LINES OF THOUGHT ACROSS SOUTHEAST ASIA
Khmer sculpture

Cement Nirvana: Cambodia’s Buddhist statues

Why are there more beasts than beauties among Cambodia’s Buddhist statues?

Daniel Otis
October 25, 2012
Cement Nirvana: Cambodia’s Buddhist statues
Cambodians pray to Buddha statues during the Day of the Dead (Ancestors' Day), at a pagoda in Phnom Penh, Cambodia, 28 September 2015. Cambodia celebrates the Festival of Death from 28 September to 12 October 2015. During these 15 days, many Cambodians go to pagodas, bring food and other offerings to Buddhist monks and visit their families. Photo: EPA/MAK REMISSA

Cambodian man bows to Buddha statues during the Day of the Dead (Ancestors’ Day), at a pagoda in Phnom Penh, Cambodia, 14 September 2014. Photo: EPA/MAK REMISSA

Laughing in the shade of his cluttered workshop on the outskirts of Phnom Penh, Chan Sim, 74, states that, despite his age, he is in excellent health. “This,” he says mysteriously, “is because many people pray to my sculptures.”

Chan Sim is the venerable grandfather of Cambodian cement iconography – and he looks the part.

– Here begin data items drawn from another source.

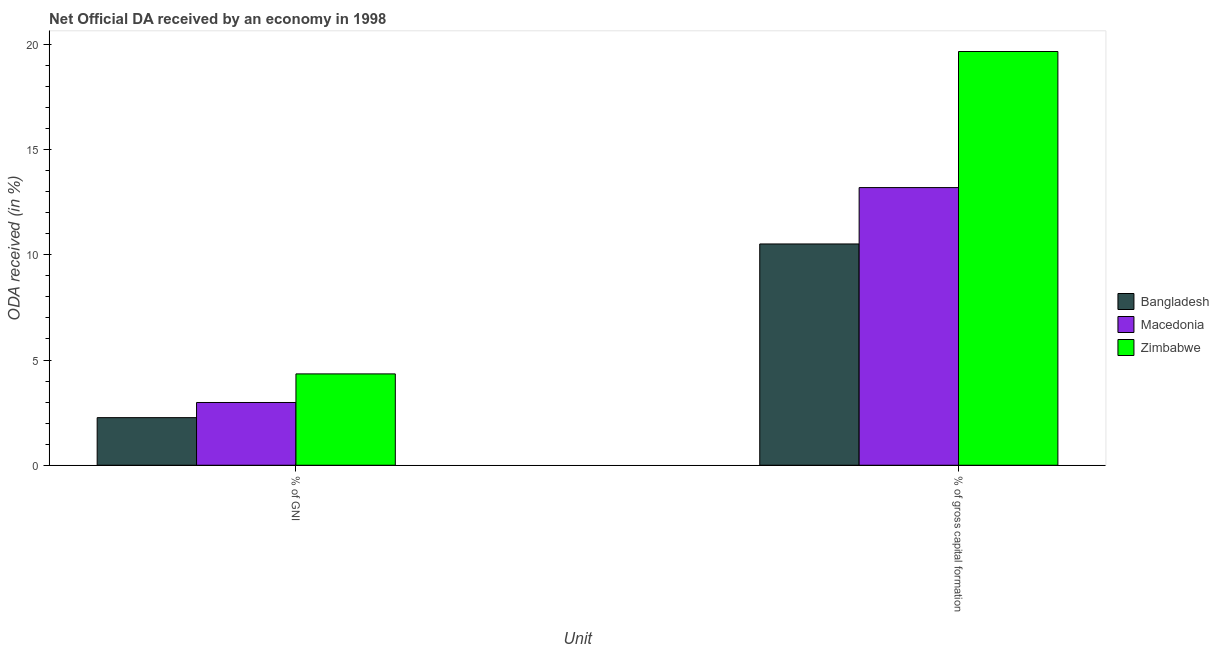How many groups of bars are there?
Offer a terse response. 2. Are the number of bars on each tick of the X-axis equal?
Your response must be concise. Yes. How many bars are there on the 2nd tick from the right?
Provide a short and direct response. 3. What is the label of the 2nd group of bars from the left?
Your answer should be compact. % of gross capital formation. What is the oda received as percentage of gni in Bangladesh?
Your response must be concise. 2.26. Across all countries, what is the maximum oda received as percentage of gni?
Your answer should be very brief. 4.34. Across all countries, what is the minimum oda received as percentage of gross capital formation?
Provide a succinct answer. 10.52. In which country was the oda received as percentage of gross capital formation maximum?
Your answer should be compact. Zimbabwe. In which country was the oda received as percentage of gross capital formation minimum?
Offer a very short reply. Bangladesh. What is the total oda received as percentage of gni in the graph?
Your response must be concise. 9.59. What is the difference between the oda received as percentage of gross capital formation in Macedonia and that in Bangladesh?
Your answer should be very brief. 2.68. What is the difference between the oda received as percentage of gni in Macedonia and the oda received as percentage of gross capital formation in Zimbabwe?
Your answer should be very brief. -16.68. What is the average oda received as percentage of gross capital formation per country?
Give a very brief answer. 14.46. What is the difference between the oda received as percentage of gni and oda received as percentage of gross capital formation in Zimbabwe?
Your answer should be compact. -15.32. In how many countries, is the oda received as percentage of gross capital formation greater than 15 %?
Offer a terse response. 1. What is the ratio of the oda received as percentage of gross capital formation in Bangladesh to that in Macedonia?
Provide a succinct answer. 0.8. Is the oda received as percentage of gross capital formation in Bangladesh less than that in Macedonia?
Keep it short and to the point. Yes. In how many countries, is the oda received as percentage of gni greater than the average oda received as percentage of gni taken over all countries?
Your answer should be compact. 1. What does the 2nd bar from the right in % of gross capital formation represents?
Your answer should be very brief. Macedonia. How many bars are there?
Provide a succinct answer. 6. How many countries are there in the graph?
Ensure brevity in your answer.  3. What is the difference between two consecutive major ticks on the Y-axis?
Give a very brief answer. 5. Does the graph contain grids?
Your answer should be very brief. No. How many legend labels are there?
Your response must be concise. 3. How are the legend labels stacked?
Your answer should be compact. Vertical. What is the title of the graph?
Your answer should be very brief. Net Official DA received by an economy in 1998. Does "Ecuador" appear as one of the legend labels in the graph?
Your answer should be compact. No. What is the label or title of the X-axis?
Provide a succinct answer. Unit. What is the label or title of the Y-axis?
Your response must be concise. ODA received (in %). What is the ODA received (in %) of Bangladesh in % of GNI?
Keep it short and to the point. 2.26. What is the ODA received (in %) of Macedonia in % of GNI?
Keep it short and to the point. 2.98. What is the ODA received (in %) of Zimbabwe in % of GNI?
Your answer should be very brief. 4.34. What is the ODA received (in %) in Bangladesh in % of gross capital formation?
Keep it short and to the point. 10.52. What is the ODA received (in %) of Macedonia in % of gross capital formation?
Offer a terse response. 13.2. What is the ODA received (in %) in Zimbabwe in % of gross capital formation?
Offer a very short reply. 19.66. Across all Unit, what is the maximum ODA received (in %) in Bangladesh?
Offer a very short reply. 10.52. Across all Unit, what is the maximum ODA received (in %) of Macedonia?
Keep it short and to the point. 13.2. Across all Unit, what is the maximum ODA received (in %) of Zimbabwe?
Offer a very short reply. 19.66. Across all Unit, what is the minimum ODA received (in %) in Bangladesh?
Ensure brevity in your answer.  2.26. Across all Unit, what is the minimum ODA received (in %) of Macedonia?
Give a very brief answer. 2.98. Across all Unit, what is the minimum ODA received (in %) in Zimbabwe?
Offer a very short reply. 4.34. What is the total ODA received (in %) in Bangladesh in the graph?
Ensure brevity in your answer.  12.78. What is the total ODA received (in %) in Macedonia in the graph?
Your answer should be very brief. 16.18. What is the total ODA received (in %) of Zimbabwe in the graph?
Your answer should be very brief. 24. What is the difference between the ODA received (in %) of Bangladesh in % of GNI and that in % of gross capital formation?
Provide a succinct answer. -8.26. What is the difference between the ODA received (in %) in Macedonia in % of GNI and that in % of gross capital formation?
Your answer should be very brief. -10.21. What is the difference between the ODA received (in %) in Zimbabwe in % of GNI and that in % of gross capital formation?
Keep it short and to the point. -15.32. What is the difference between the ODA received (in %) of Bangladesh in % of GNI and the ODA received (in %) of Macedonia in % of gross capital formation?
Keep it short and to the point. -10.93. What is the difference between the ODA received (in %) in Bangladesh in % of GNI and the ODA received (in %) in Zimbabwe in % of gross capital formation?
Keep it short and to the point. -17.4. What is the difference between the ODA received (in %) of Macedonia in % of GNI and the ODA received (in %) of Zimbabwe in % of gross capital formation?
Provide a short and direct response. -16.68. What is the average ODA received (in %) of Bangladesh per Unit?
Offer a very short reply. 6.39. What is the average ODA received (in %) of Macedonia per Unit?
Keep it short and to the point. 8.09. What is the average ODA received (in %) in Zimbabwe per Unit?
Make the answer very short. 12. What is the difference between the ODA received (in %) in Bangladesh and ODA received (in %) in Macedonia in % of GNI?
Ensure brevity in your answer.  -0.72. What is the difference between the ODA received (in %) of Bangladesh and ODA received (in %) of Zimbabwe in % of GNI?
Offer a terse response. -2.08. What is the difference between the ODA received (in %) of Macedonia and ODA received (in %) of Zimbabwe in % of GNI?
Your response must be concise. -1.36. What is the difference between the ODA received (in %) of Bangladesh and ODA received (in %) of Macedonia in % of gross capital formation?
Offer a terse response. -2.68. What is the difference between the ODA received (in %) in Bangladesh and ODA received (in %) in Zimbabwe in % of gross capital formation?
Your answer should be compact. -9.15. What is the difference between the ODA received (in %) of Macedonia and ODA received (in %) of Zimbabwe in % of gross capital formation?
Provide a succinct answer. -6.47. What is the ratio of the ODA received (in %) of Bangladesh in % of GNI to that in % of gross capital formation?
Your answer should be compact. 0.22. What is the ratio of the ODA received (in %) in Macedonia in % of GNI to that in % of gross capital formation?
Offer a very short reply. 0.23. What is the ratio of the ODA received (in %) of Zimbabwe in % of GNI to that in % of gross capital formation?
Provide a succinct answer. 0.22. What is the difference between the highest and the second highest ODA received (in %) in Bangladesh?
Provide a short and direct response. 8.26. What is the difference between the highest and the second highest ODA received (in %) of Macedonia?
Your answer should be compact. 10.21. What is the difference between the highest and the second highest ODA received (in %) in Zimbabwe?
Give a very brief answer. 15.32. What is the difference between the highest and the lowest ODA received (in %) in Bangladesh?
Ensure brevity in your answer.  8.26. What is the difference between the highest and the lowest ODA received (in %) in Macedonia?
Give a very brief answer. 10.21. What is the difference between the highest and the lowest ODA received (in %) in Zimbabwe?
Offer a very short reply. 15.32.

With his shimmering gold and green mandarin-collared shirt, long white goatee and gentle smile, it is hard to believe that nearly four decades ago, this soft-spoken artist was being forced to transform animal and human excrement into fertiliser.

Having survived the Khmer Rouge’s genocidal rule by concealing his artistic past, in 1979 Chan Sim returned to Phnom Penh to make cement Buddhas to replace the wood, stone and bronze effigies that had been destroyed by Pol Pot’s army.

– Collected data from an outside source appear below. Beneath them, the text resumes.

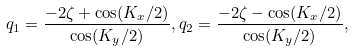<formula> <loc_0><loc_0><loc_500><loc_500>q _ { 1 } = \frac { - 2 \zeta + \cos ( K _ { x } / 2 ) } { \cos ( K _ { y } / 2 ) } , q _ { 2 } = \frac { - 2 \zeta - \cos ( K _ { x } / 2 ) } { \cos ( K _ { y } / 2 ) } ,</formula> 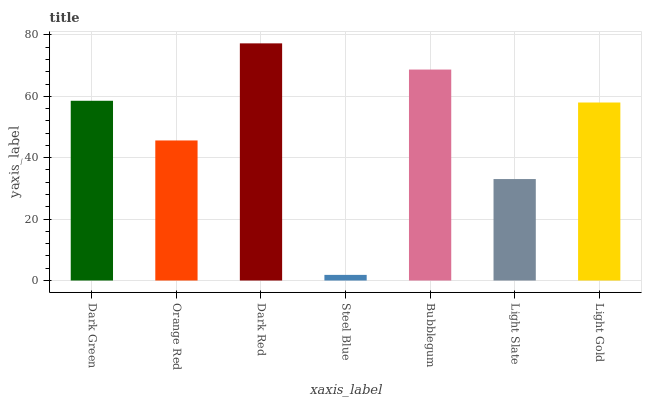Is Steel Blue the minimum?
Answer yes or no. Yes. Is Dark Red the maximum?
Answer yes or no. Yes. Is Orange Red the minimum?
Answer yes or no. No. Is Orange Red the maximum?
Answer yes or no. No. Is Dark Green greater than Orange Red?
Answer yes or no. Yes. Is Orange Red less than Dark Green?
Answer yes or no. Yes. Is Orange Red greater than Dark Green?
Answer yes or no. No. Is Dark Green less than Orange Red?
Answer yes or no. No. Is Light Gold the high median?
Answer yes or no. Yes. Is Light Gold the low median?
Answer yes or no. Yes. Is Dark Red the high median?
Answer yes or no. No. Is Steel Blue the low median?
Answer yes or no. No. 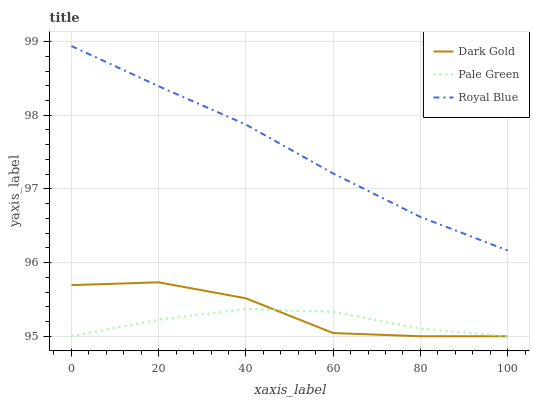Does Pale Green have the minimum area under the curve?
Answer yes or no. Yes. Does Royal Blue have the maximum area under the curve?
Answer yes or no. Yes. Does Dark Gold have the minimum area under the curve?
Answer yes or no. No. Does Dark Gold have the maximum area under the curve?
Answer yes or no. No. Is Royal Blue the smoothest?
Answer yes or no. Yes. Is Dark Gold the roughest?
Answer yes or no. Yes. Is Pale Green the smoothest?
Answer yes or no. No. Is Pale Green the roughest?
Answer yes or no. No. Does Dark Gold have the highest value?
Answer yes or no. No. Is Pale Green less than Royal Blue?
Answer yes or no. Yes. Is Royal Blue greater than Dark Gold?
Answer yes or no. Yes. Does Pale Green intersect Royal Blue?
Answer yes or no. No.

“I was the first to do this after the Pol Pot era,” Chan Sim claims, “and I did it for no profit.”

Trained to cast bronze and skilled in the art of carving stone and wood, Chan Sim’s shift to cement – a medium introduced by French colonisers – was entirely pragmatic. “Cement is cheap,” Chan Sim says. “That is why it is so popular.”

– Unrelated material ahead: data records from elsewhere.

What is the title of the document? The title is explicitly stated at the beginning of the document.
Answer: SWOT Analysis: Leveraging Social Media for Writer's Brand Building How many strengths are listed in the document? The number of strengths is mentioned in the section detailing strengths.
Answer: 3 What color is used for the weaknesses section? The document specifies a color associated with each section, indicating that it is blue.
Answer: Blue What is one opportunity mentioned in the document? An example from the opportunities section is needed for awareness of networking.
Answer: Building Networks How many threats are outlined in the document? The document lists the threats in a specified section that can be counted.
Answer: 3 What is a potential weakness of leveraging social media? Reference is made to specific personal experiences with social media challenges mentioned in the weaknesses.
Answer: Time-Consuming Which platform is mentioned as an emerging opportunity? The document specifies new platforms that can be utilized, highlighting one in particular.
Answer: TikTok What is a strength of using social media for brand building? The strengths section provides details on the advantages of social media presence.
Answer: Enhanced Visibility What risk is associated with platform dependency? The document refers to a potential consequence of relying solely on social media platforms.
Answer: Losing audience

Although cement cannot rival the longevity of stone, bronze, or wood, Chan Sim believes that striking art can be created with it. “The beauty of a religious sculpture,” he says, “has nothing to do with when it was made or what it was made of – it depends primarily on the feeling, the inspiration, of the person who created it.” Regular meditation, Chan Sim believes, plays an integral role in this, and so too does scrupulously following the structures and principles of sculpture that have been passed down from the ancients.

However, when visiting modern temples in Cambodia, one quickly sees that Chan Sim’s aesthetic ideals are far from common practice. Disproportionate and gaudily painted, many of the cement Buddhas smiling upon the faithful seem uninspired and cartoonish at best.

In the narrow lanes surrounding Phnom Penh’s Prayuvong Pagoda, dozens of artisans scrape, sand and shape cement into spirit houses, mythical animals and religious icons.

Sok Dul, 45, has been making cement sculptures for nearly 20 years. Previously a motodop driver, he opened his own workshop after a brief apprenticeship with a neighbour. “I enjoy my work,” he says. “I enjoy anything that can earn me money.”

Sok Dul’s tiny workshop is scattered with figures in various stages of completion: iron skeletons waiting to be filled, rough sculptures to sand, featureless icons to be detailed with fresh cement, and near-finished Buddhas waiting for a coat of dazzling gold paint.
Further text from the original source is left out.